As a tomboy, Dayley fit in the sports world right away. “I am not a girlie girl,” she confesses. “I love wearing jeans, boots and a hoodie, throwing my hair in a pony tail and watching sports or being outside—somewhere by water, fishing, four-wheeling, boating, golf and, of course, baseball—but I admit I hate spiders.”
As an undergrad at Saint Louis University, Sara was considering a career in nuclear medicine, but she found herself being pulled away from chemistry and math and drawn to sports and communications. “I wanted to find something I could enjoy for the rest of my life,” she says. “I love working with people and being out in the community. This option just fit; it felt natural.”
Sara found her dream job when she joined “Today in St. Louis” at KSDK in
2011. “People invite us into their homes every morning and count on us to give them the news and information they need before heading out the door to start their day,” she says. “I love the people behind the stories. And I love that journalism is never the same; every day, every hour, it’s always changing.”
Sara admits that it’s tough reporting on serious accidents, abductions and death and disaster. “It’s awful but reality,” she explains. “So I try to be positive and sensitive, while delivering facts and being informative. It’s also a reality check on a daily basis, reminding me that we are all going through life together, as a city, as a country, as a member of our community. You can’t predict the unpredictable.”
Sara turns to the experienced news team at KSDK for inspiration and mentorship. Anchors Jennifer Bloom and Pat McGonigle, meteorologist Scott Connell and Bree Smith and the entire morning crew are like family to Sara. “They all are so talented and professional, there isn’t a tough situation they haven’t been in, and they offer so much support and guidance for reporters at any stage in their career.”
Growing up with the media spotlight on her dad wasn’t the only part of Sara’s childhood that primed her to be comfortable in front of the camera.

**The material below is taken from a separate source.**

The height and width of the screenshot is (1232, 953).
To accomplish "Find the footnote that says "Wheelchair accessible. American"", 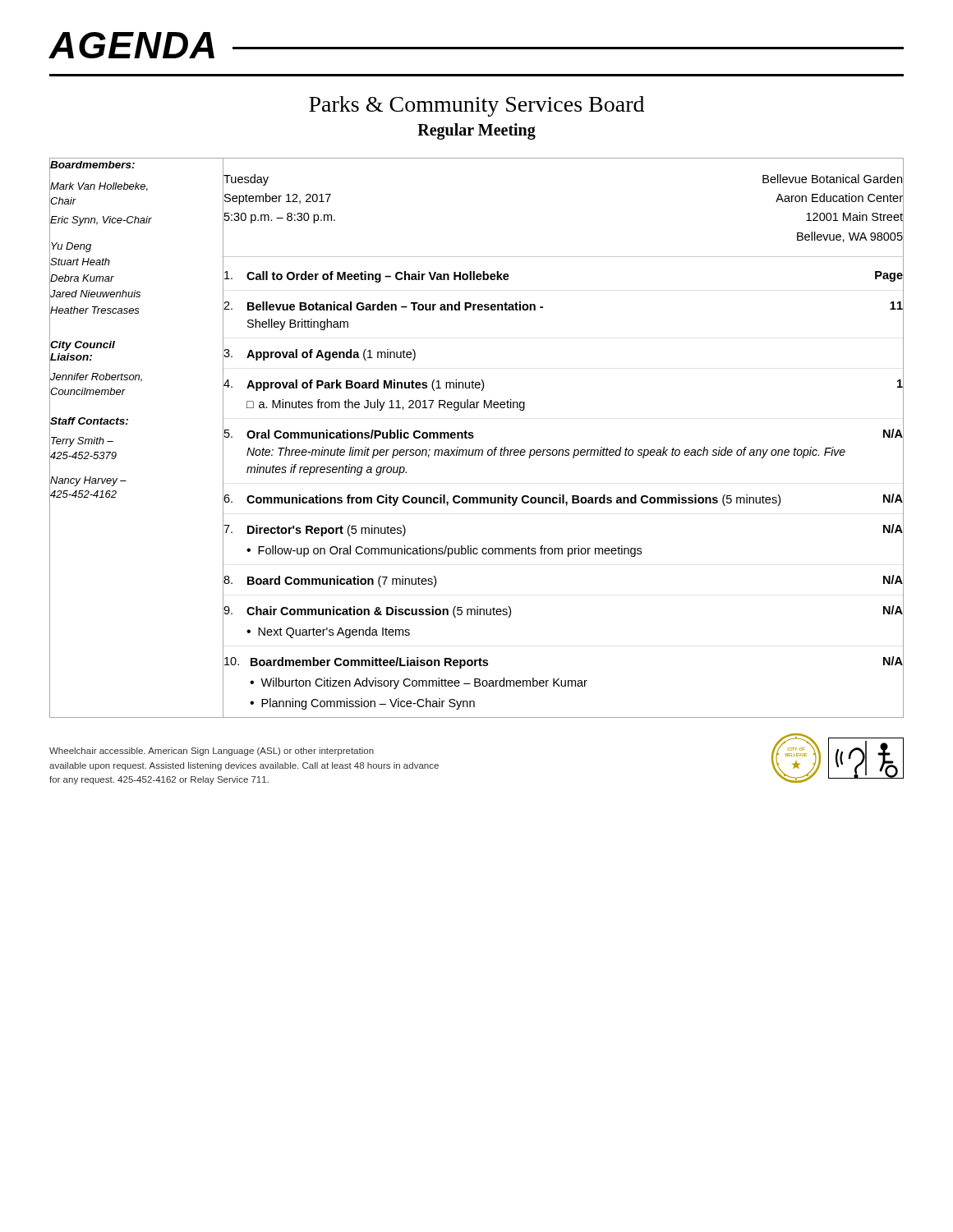I will click(244, 765).

As a competitive dancer, performing on stage backed Sara with confidence at an early age.
“Being a dancer definitely gave me confidence and a competitive edge because it taught me how to be ‘on’ all the time—it’s great training for broadcast journalism. Having confidence on stage translates well to being in front of a camera but also it gives you the ability to tackle anything that comes your way in life.”
Sara is always up for the next challenge both in life and in journalism.

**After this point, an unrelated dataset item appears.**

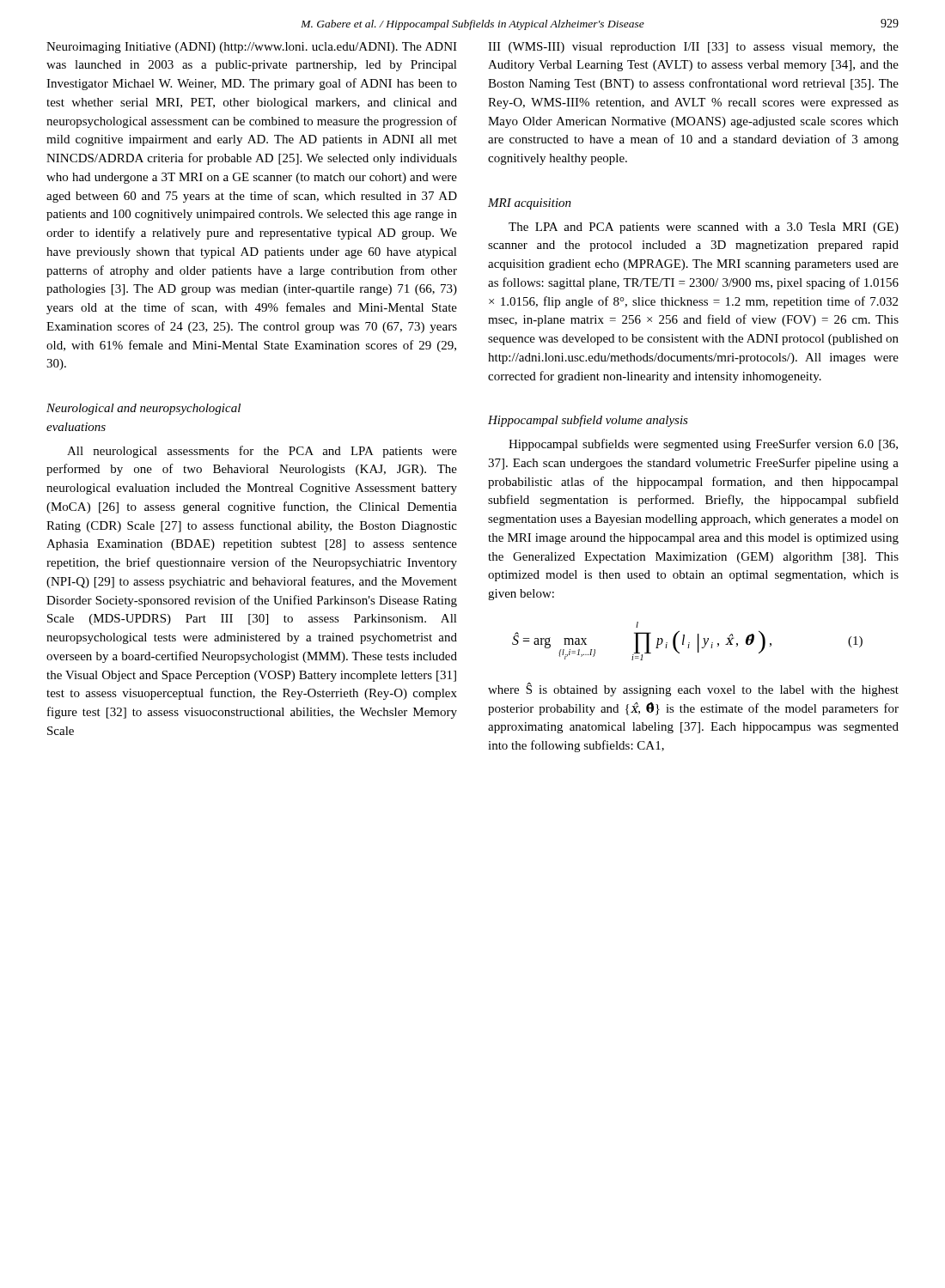Find the section header that reads "Neurological and neuropsychologicalevaluations"
Image resolution: width=945 pixels, height=1288 pixels.
click(x=144, y=417)

“Becoming a respected journalist requires dedication and hard work,” she says. “By choosing to be in this profession, you’re setting yourself in the direct path of feedback—both positive and negative; some wanted and more unwanted. You have to make the best decisions you can at the time, stay true to who you are and think about if you want to be a one-hit wonder or legendary musician. It’s a combination of talent and integrity.”
SARA ON ST. LOUIS
“It was an amazing experience growing up watching my dad play baseball as a
Cardinal. The team’s history, the fans, all the great sports moments—St. Louis is the
best baseball city in America. And the Cardinals, it’s really a family. There are ushers that have been with the team since I was a baby at the old Busch. I love St. Louis; something always brings people back here. It’s the biggest small city in America. Everyone is connected somehow, it’s not six degrees of separation; it’s like three.”

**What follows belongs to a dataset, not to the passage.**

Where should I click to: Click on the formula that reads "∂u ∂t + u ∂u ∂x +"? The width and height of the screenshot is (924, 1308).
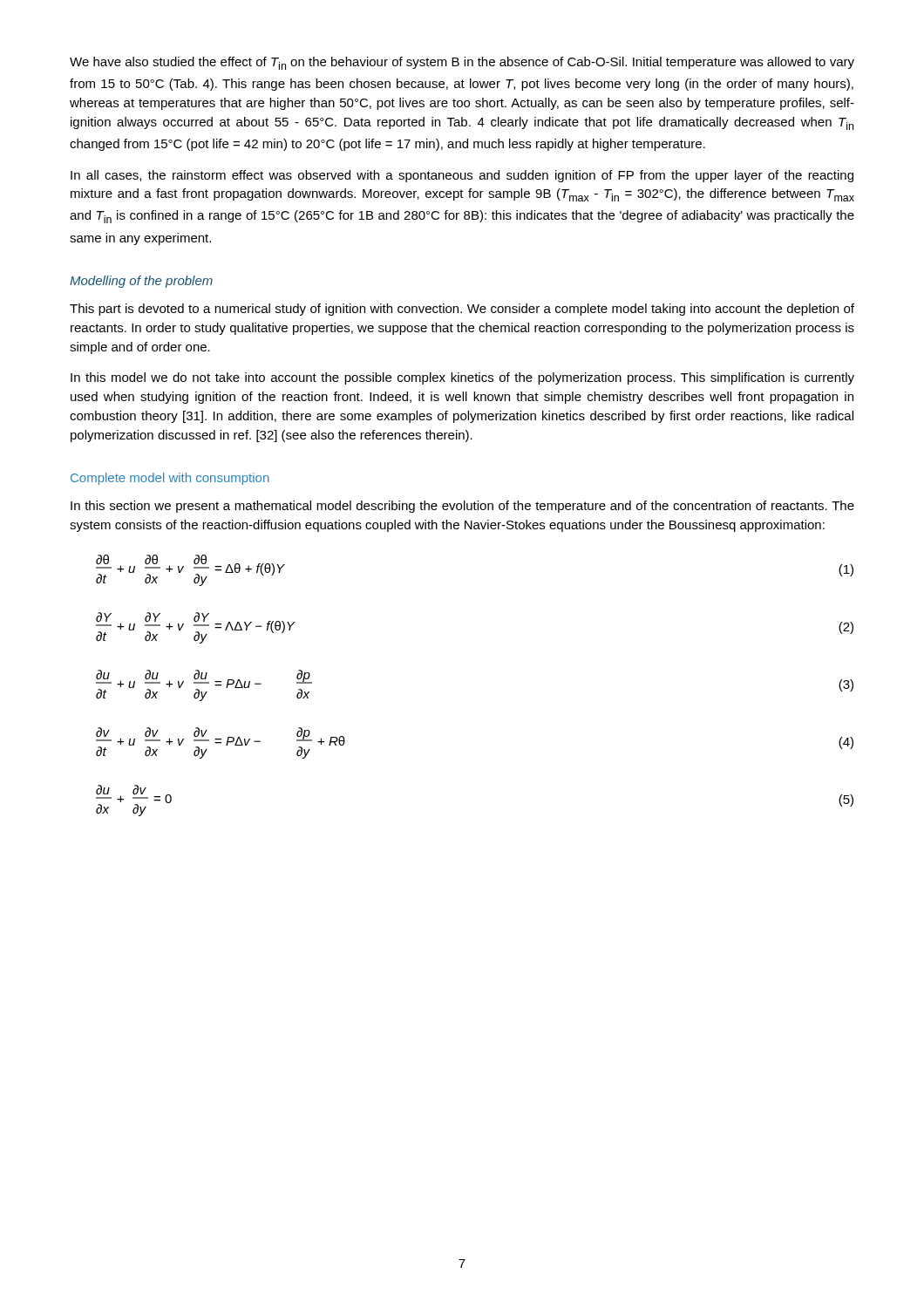pyautogui.click(x=201, y=683)

The morning show comes with crazy hours. Sara plans to be in bed by 8 p.m., wakes up at 1:30 a.m., gets to the station around 2:45 a.m., and is on air by 4 a.m. But the upside down sleep schedule is one of the biggest benefits of the job—because it allows her to spend most of the day with her young son, Dax.
“The best thing about my hours is that my son is sleeping during most of them, so I’m not actually away from him that long. I get off work around 11 a.m., so I get to be with Dax all day. I don’t have to put him in daycare. And I get to put him to bed every night. My job allows me to spend so much quality time with him. And I wouldn’t want that any other way. He is my priority.”